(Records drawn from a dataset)
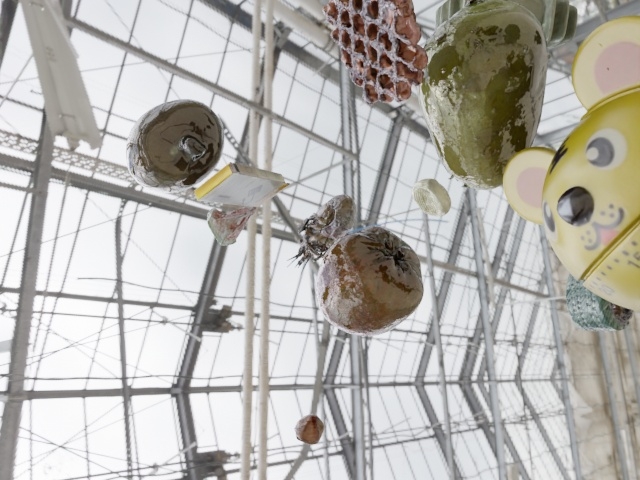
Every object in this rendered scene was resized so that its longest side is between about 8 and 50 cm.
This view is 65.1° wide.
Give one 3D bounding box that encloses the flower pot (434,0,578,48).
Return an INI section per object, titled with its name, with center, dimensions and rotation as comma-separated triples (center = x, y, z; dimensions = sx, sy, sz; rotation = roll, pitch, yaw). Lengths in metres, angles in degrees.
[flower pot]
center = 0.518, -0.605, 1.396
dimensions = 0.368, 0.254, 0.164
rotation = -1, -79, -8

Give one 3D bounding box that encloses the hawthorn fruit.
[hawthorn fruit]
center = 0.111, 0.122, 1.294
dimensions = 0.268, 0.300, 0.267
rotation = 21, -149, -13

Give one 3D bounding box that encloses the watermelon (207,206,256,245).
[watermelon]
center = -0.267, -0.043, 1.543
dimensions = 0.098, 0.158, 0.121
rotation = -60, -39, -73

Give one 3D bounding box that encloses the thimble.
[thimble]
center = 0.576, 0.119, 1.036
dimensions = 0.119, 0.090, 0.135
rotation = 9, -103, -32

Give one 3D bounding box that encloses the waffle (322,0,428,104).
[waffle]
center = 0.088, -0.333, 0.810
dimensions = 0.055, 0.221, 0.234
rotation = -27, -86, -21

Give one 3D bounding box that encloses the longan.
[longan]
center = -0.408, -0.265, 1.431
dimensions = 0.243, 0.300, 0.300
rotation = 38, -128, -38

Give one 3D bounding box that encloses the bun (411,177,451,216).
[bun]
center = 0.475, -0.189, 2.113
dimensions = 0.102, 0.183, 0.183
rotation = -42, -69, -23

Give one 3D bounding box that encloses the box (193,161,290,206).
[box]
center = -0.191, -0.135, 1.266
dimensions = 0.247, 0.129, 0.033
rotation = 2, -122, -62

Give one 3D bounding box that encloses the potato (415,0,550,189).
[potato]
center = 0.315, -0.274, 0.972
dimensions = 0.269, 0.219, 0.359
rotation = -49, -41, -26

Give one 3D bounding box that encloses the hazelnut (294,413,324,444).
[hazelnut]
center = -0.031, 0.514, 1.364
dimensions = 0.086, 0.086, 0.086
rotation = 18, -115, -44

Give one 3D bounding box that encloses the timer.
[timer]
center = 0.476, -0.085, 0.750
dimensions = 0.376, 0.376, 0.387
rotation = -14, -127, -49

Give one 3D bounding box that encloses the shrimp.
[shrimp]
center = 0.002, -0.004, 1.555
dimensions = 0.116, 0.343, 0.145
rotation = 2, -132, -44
...
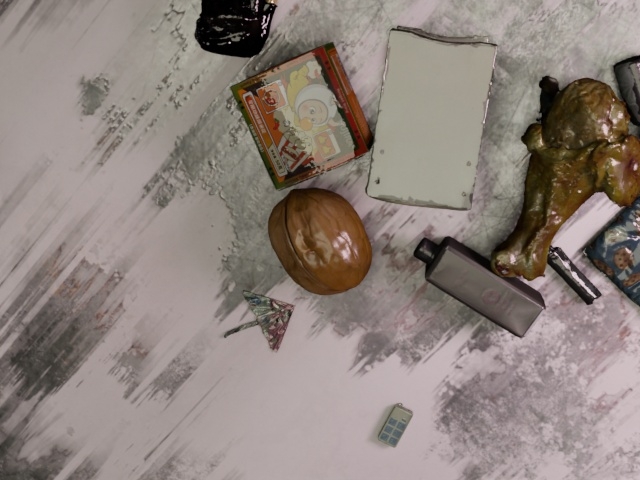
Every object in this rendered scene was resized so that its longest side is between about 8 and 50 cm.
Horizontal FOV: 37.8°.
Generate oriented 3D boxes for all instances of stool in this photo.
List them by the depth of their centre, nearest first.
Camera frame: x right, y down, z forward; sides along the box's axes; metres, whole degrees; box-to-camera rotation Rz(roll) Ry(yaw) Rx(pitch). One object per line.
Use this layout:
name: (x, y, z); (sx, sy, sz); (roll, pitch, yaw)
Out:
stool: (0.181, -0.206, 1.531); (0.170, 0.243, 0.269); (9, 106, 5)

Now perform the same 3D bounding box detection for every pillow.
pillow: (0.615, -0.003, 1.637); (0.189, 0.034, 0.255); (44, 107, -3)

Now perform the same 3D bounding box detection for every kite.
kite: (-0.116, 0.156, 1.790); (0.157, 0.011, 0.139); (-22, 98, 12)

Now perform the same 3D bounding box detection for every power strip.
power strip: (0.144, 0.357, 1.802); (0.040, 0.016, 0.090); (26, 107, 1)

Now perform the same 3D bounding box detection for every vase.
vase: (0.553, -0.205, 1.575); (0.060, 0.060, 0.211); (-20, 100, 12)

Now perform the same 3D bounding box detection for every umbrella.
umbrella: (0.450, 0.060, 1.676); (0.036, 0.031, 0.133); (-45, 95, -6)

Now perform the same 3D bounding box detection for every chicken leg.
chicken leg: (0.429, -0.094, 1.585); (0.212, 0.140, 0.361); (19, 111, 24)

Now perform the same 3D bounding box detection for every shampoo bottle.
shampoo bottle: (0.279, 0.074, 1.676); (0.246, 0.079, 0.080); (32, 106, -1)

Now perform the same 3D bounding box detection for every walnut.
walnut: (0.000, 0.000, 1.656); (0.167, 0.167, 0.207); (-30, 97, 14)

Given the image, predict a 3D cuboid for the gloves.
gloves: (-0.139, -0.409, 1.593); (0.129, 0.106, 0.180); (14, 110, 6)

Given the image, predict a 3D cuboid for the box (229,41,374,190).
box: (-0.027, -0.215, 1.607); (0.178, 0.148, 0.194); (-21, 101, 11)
...
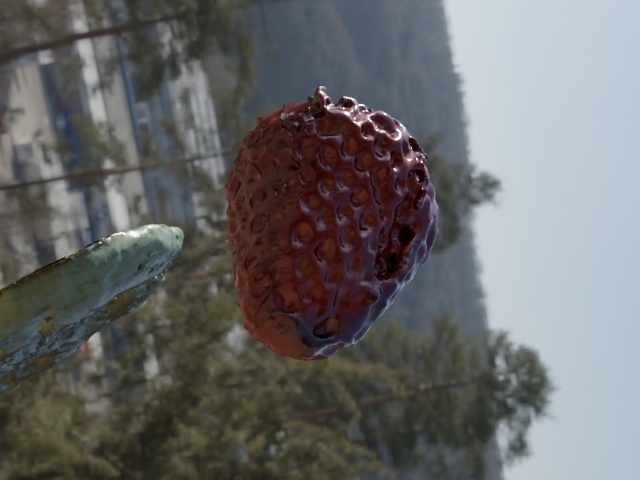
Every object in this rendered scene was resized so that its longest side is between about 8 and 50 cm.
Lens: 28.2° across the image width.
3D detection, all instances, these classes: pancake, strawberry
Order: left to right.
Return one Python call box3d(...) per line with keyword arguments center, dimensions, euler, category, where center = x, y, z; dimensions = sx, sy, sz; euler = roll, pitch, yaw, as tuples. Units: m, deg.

**PROBLEM TO SOLVE**
Among the lines of the preceding data, which ones hold the word "instances"? List them.

**RESPONSE AREA**
Generate oriented 3D boxes for all instances of stool in this photo.
3D detection, all instances, these classes: pancake, strawberry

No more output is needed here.